# Re Case A Vintage Services Dial And Movement



## scottswatches (Sep 22, 2009)

This could possibly stretch my limited skills, but I have just bought this










Now the case looks new, and I'd guess it is. The reason it is that horrid colour is that it is aluminium, I'd like to put the very nice dial and movement into something more period, such as gold plate, but how do you buy a used case to drop the movement into?










the dial is 30.55mm, and the movement is 23.5mm


----------



## seemore (Oct 25, 2007)

you would probably be better of finding another sevices watch on the bay and swap the cases.Its not quite as simple as finding any case and popping it in.


----------



## William_Wilson (May 21, 2007)

I'm far from being the Services expert around here, but I'm wondering if that form fitting dial is aftermarket as well?

Later,

William


----------



## mach 0.0013137 (Jan 10, 2005)

scottswatches said:


> This could possibly stretch my limited skills, but I have just bought this
> 
> 
> 
> ...


I can`t see anything wrong with that it looks ok too me, I`d say leave as is or of course if you don`t like it well I know someone who would


----------



## mel (Dec 6, 2006)

The alloy cases on Ticka's and Services are well liked by aficionados :yes:

(Mach, I'll fight you for it, handbags at dawn Dahling? msl

The Sequined Avenger

:tease:

(one to go! - now where to post, here or main, or playground - - Decisions, Decisions! :to_become_senile: )


----------



## stiff muckler (Aug 27, 2010)

scottswatches said:


> . . .I'd like to put the very nice dial and movement into something more period, such as gold plate, but how do you buy a used case to drop the movement into? . . . . .


Judging from da "nails" in da zifferblatt, dat's a PIN LEVER. BFG,BRAC,RL,etc.

sm iiH!


----------



## Roger the Dodger (Oct 5, 2009)

stiff muckler said:


> Judging from da "nails" in da zifferblatt, dat's a PIN LEVER. BFG,BRAC,RL,etc.
> 
> sm iiH!


WTF? :shocking:


----------



## bsa (Dec 23, 2010)

I also like the alloy case.

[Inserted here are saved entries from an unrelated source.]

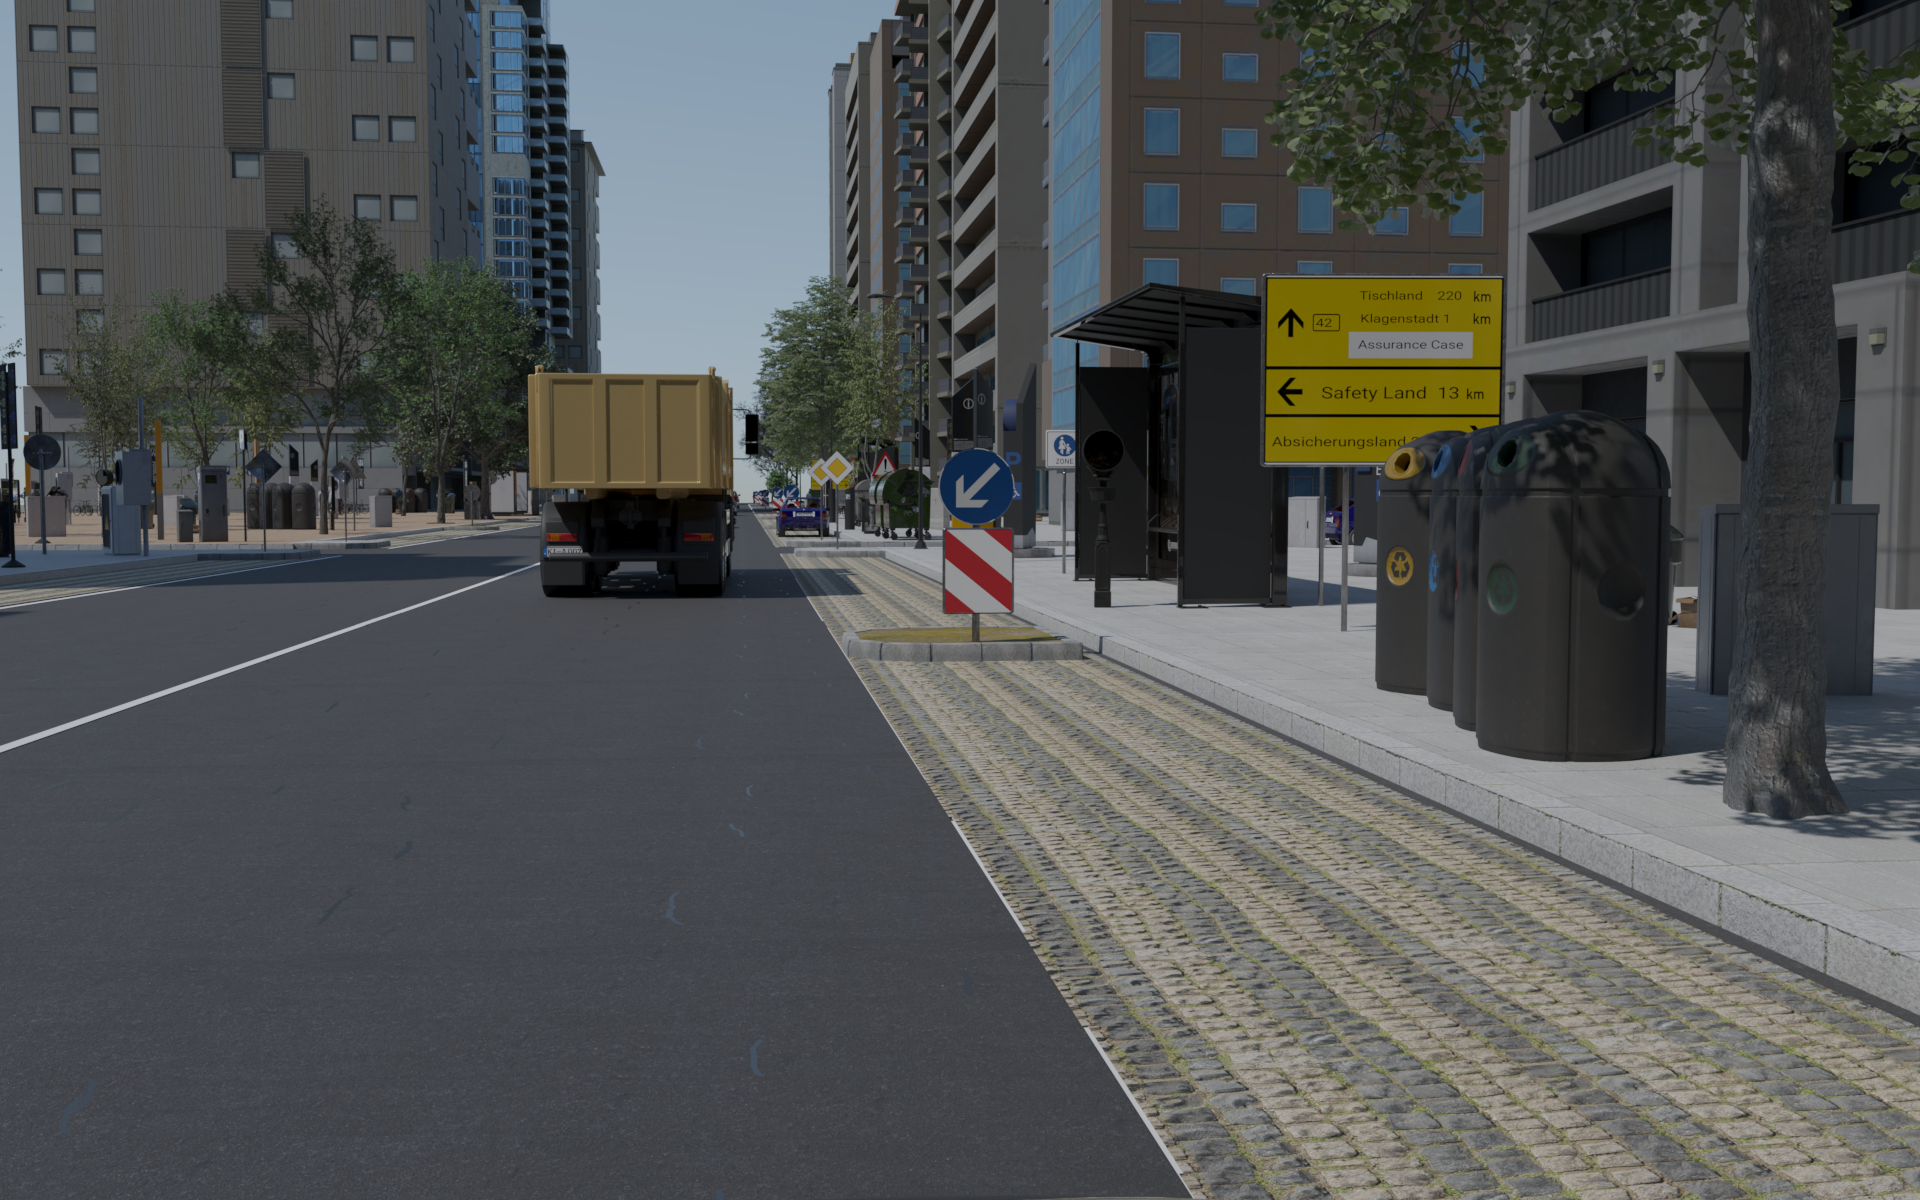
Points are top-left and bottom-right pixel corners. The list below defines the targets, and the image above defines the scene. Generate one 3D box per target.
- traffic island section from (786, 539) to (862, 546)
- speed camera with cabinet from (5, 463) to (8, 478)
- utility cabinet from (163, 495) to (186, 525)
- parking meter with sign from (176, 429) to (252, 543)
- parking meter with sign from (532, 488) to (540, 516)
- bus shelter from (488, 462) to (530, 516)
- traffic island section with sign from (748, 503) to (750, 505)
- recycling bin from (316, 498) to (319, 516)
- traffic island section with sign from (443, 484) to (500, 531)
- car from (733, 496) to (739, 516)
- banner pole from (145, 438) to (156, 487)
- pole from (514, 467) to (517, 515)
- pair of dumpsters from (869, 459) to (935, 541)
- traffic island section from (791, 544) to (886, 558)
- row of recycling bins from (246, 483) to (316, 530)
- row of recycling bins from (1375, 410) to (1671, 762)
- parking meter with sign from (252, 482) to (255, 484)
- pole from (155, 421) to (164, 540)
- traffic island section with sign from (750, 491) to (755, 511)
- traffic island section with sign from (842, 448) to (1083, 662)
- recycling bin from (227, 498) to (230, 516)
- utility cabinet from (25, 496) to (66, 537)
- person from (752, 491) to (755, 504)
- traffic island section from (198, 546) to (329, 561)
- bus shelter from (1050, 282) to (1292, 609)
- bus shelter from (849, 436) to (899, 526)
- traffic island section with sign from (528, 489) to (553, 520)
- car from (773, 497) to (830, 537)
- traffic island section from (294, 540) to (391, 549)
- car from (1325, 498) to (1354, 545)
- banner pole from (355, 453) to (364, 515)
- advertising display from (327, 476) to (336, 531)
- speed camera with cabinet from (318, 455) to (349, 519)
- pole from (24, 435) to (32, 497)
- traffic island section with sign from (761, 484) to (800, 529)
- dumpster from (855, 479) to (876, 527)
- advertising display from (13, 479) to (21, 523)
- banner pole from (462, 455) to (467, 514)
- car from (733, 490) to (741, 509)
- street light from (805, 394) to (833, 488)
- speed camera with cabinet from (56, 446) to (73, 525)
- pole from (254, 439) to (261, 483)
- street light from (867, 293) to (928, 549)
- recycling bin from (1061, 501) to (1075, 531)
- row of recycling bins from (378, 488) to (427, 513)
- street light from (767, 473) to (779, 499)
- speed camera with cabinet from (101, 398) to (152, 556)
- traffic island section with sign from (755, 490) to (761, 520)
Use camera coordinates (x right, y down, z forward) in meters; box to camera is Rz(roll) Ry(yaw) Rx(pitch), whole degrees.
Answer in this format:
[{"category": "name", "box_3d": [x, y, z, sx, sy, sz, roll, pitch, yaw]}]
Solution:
[{"category": "traffic island section", "box_3d": [-3.822, -1.581, 48.128, 2.009, 0.180, 2.903, 0, 4, -7]}, {"category": "speed camera with cabinet", "box_3d": [-60.709, -7.042, 109.480, 0.660, 3.252, 2.038, 1, 4, 22]}, {"category": "utility cabinet", "box_3d": [-32.345, -3.662, 71.039, 1.020, 1.237, 0.306, 2, 4, 25]}, {"category": "parking meter with sign", "box_3d": [-20.006, -3.061, 46.302, 1.738, 3.016, 0.543, -2, 4, -34]}, {"category": "parking meter with sign", "box_3d": [-25.568, -6.607, 104.289, 0.543, 3.016, 1.738, -1, 4, -12]}, {"category": "bus shelter", "box_3d": [-26.697, -6.606, 101.926, 2.014, 3.302, 5.546, 0, 4, -7]}, {"category": "traffic island section with sign", "box_3d": [-20.057, -10.121, 174.102, 1.989, 1.847, 2.006, 0, 4, -7]}, {"category": "recycling bin", "box_3d": [-37.651, -5.374, 100.412, 0.722, 1.027, 0.722, 1, 4, 9]}, {"category": "traffic island section with sign", "box_3d": [-19.287, -3.659, 68.445, 1.989, 1.847, 2.006, 0, 4, -7]}, {"category": "car", "box_3d": [-15.684, -6.302, 115.039, 2.014, 1.417, 4.499, 0, 4, -7]}, {"category": "banner pole", "box_3d": [-36.323, -5.372, 77.854, 0.401, 3.779, 0.863, 3, 5, 41]}, {"category": "pole", "box_3d": [-27.257, -6.872, 106.202, 0.158, 3.312, 0.155, 0, 3, 0]}, {"category": "pair of dumpsters", "box_3d": [-1.668, -2.892, 49.779, 1.574, 2.255, 4.437, 0, 4, -7]}, {"category": "traffic island section", "box_3d": [-2.822, -1.096, 40.205, 2.009, 0.180, 2.903, 0, 4, -7]}, {"category": "row of recycling bins", "box_3d": [-24.772, -3.426, 63.132, 3.534, 1.692, 1.069, 2, 4, 34]}, {"category": "row of recycling bins", "box_3d": [3.153, -0.174, 9.964, 1.069, 1.692, 3.534, 0, 4, 3]}, {"category": "parking meter with sign", "box_3d": [-45.809, -7.085, 112.098, 0.543, 3.016, 1.738, -2, 4, -23]}, {"category": "pole", "box_3d": [-22.356, -3.335, 48.364, 0.158, 3.312, 0.155, 0, 3, 0]}, {"category": "traffic island section with sign", "box_3d": [-16.681, -8.485, 147.358, 1.989, 1.847, 2.006, 0, 4, -7]}, {"category": "traffic island section with sign", "box_3d": [-0.053, -0.430, 15.654, 1.989, 1.847, 2.006, 0, 4, -7]}, {"category": "recycling bin", "box_3d": [-43.499, -5.467, 101.945, 0.722, 1.027, 0.722, 0, 4, 6]}, {"category": "utility cabinet", "box_3d": [-27.373, -2.490, 51.868, 1.020, 1.237, 0.306, -3, 5, -40]}, {"category": "person", "box_3d": [-28.961, -14.352, 243.085, 0.705, 1.831, 1.348, 0, 4, 7]}, {"category": "traffic island section", "box_3d": [-15.514, -0.999, 38.615, 2.009, 0.180, 2.903, 0, 4, -7]}, {"category": "bus shelter", "box_3d": [2.565, -1.906, 22.448, 1.731, 3.624, 6.357, 0, 4, -7]}, {"category": "bus shelter", "box_3d": [-3.641, -5.030, 73.517, 1.731, 3.624, 6.357, 0, 4, -7]}, {"category": "traffic island section with sign", "box_3d": [-22.664, -5.294, 95.189, 1.989, 1.847, 2.006, 0, 4, -7]}, {"category": "car", "box_3d": [-5.342, -2.813, 58.572, 1.945, 1.354, 3.894, 0, 4, -7]}, {"category": "traffic island section", "box_3d": [-16.514, -1.484, 46.537, 2.009, 0.180, 2.903, 0, 4, -7]}, {"category": "car", "box_3d": [11.411, -1.985, 45.034, 3.894, 1.354, 1.945, 0, 4, -5]}, {"category": "banner pole", "box_3d": [-36.625, -7.068, 105.580, 0.863, 3.779, 0.401, 2, 4, 26]}, {"category": "advertising display", "box_3d": [-22.219, -3.427, 61.241, 0.123, 1.923, 0.974, -2, 4, -27]}, {"category": "speed camera with cabinet", "box_3d": [-32.112, -5.773, 88.732, 2.038, 3.252, 0.660, 3, 5, 41]}, {"category": "pole", "box_3d": [-32.108, -4.027, 59.682, 0.158, 3.312, 0.155, 0, 3, 0]}, {"category": "traffic island section with sign", "box_3d": [-7.008, -3.797, 70.709, 1.989, 1.847, 2.006, 0, 4, -7]}, {"category": "dumpster", "box_3d": [-3.518, -3.818, 68.184, 1.264, 1.857, 1.865, 0, 4, -7]}, {"category": "advertising display", "box_3d": [-41.862, -4.357, 76.450, 0.974, 1.923, 0.123, 2, 4, 24]}, {"category": "banner pole", "box_3d": [-31.918, -7.447, 111.779, 0.401, 3.779, 0.863, -2, 4, -34]}, {"category": "car", "box_3d": [-22.938, -9.983, 171.888, 2.281, 1.827, 5.304, 0, 4, -6]}, {"category": "street light", "box_3d": [-6.519, -6.609, 80.598, 1.470, 5.913, 1.316, 0, 4, -7]}, {"category": "speed camera with cabinet", "box_3d": [-37.574, -4.780, 72.495, 0.660, 3.252, 2.038, -2, 4, -32]}, {"category": "pole", "box_3d": [-26.212, -4.331, 64.651, 0.158, 3.312, 0.155, 0, 3, 0]}, {"category": "street light", "box_3d": [-1.456, -4.141, 40.251, 1.470, 5.913, 1.316, 0, 4, -7]}, {"category": "recycling bin", "box_3d": [3.900, -2.899, 59.956, 0.722, 1.027, 0.722, 0, 4, -7]}, {"category": "row of recycling bins", "box_3d": [-37.684, -6.724, 117.044, 1.069, 1.692, 3.534, 3, 5, 39]}, {"category": "street light", "box_3d": [-21.397, -13.833, 198.707, 1.470, 5.913, 1.316, 0, 4, -7]}, {"category": "speed camera with cabinet", "box_3d": [-17.419, -2.557, 36.145, 0.660, 3.252, 2.038, -3, 4, -37]}, {"category": "traffic island section with sign", "box_3d": [-10.377, -5.433, 97.454, 1.989, 1.847, 2.006, 0, 4, -7]}]

Alloy is always easy to polish to a high finish.


----------



## mach 0.0013137 (Jan 10, 2005)

mel said:


> The alloy cases on Ticka's and Services are well liked by aficionados :yes:
> 
> (Mach, I'll fight you for it, handbags at dawn Dahling? msl
> 
> ...


Mel, you stick to the Timex & I`ll look after the Services, OK!?! :boxing:


----------



## William_Wilson (May 21, 2007)

mach 0.0013137 said:


> mel said:
> 
> 
> > The alloy cases on Ticka's and Services are well liked by aficionados :yes:
> ...














Later,

William


----------



## Big Bad Boris (Dec 3, 2010)

mach 0.0013137 said:


> mel said:
> 
> 
> > The alloy cases on Ticka's and Services are well liked by aficionados :yes:
> ...


Turf wars between OAP's.......... whatever next


----------



## mach 0.0013137 (Jan 10, 2005)

Big Bad Boris said:


> mach 0.0013137 said:
> 
> 
> > mel said:
> ...


I`ll have you know I`m not an OAP









I am a pensioner but I`m 57 next month so technically I`m a YAP


----------



## scottswatches (Sep 22, 2009)

I've decided against re casing it, and have put it up for swap in the Trade forum. Tempt me with something!


----------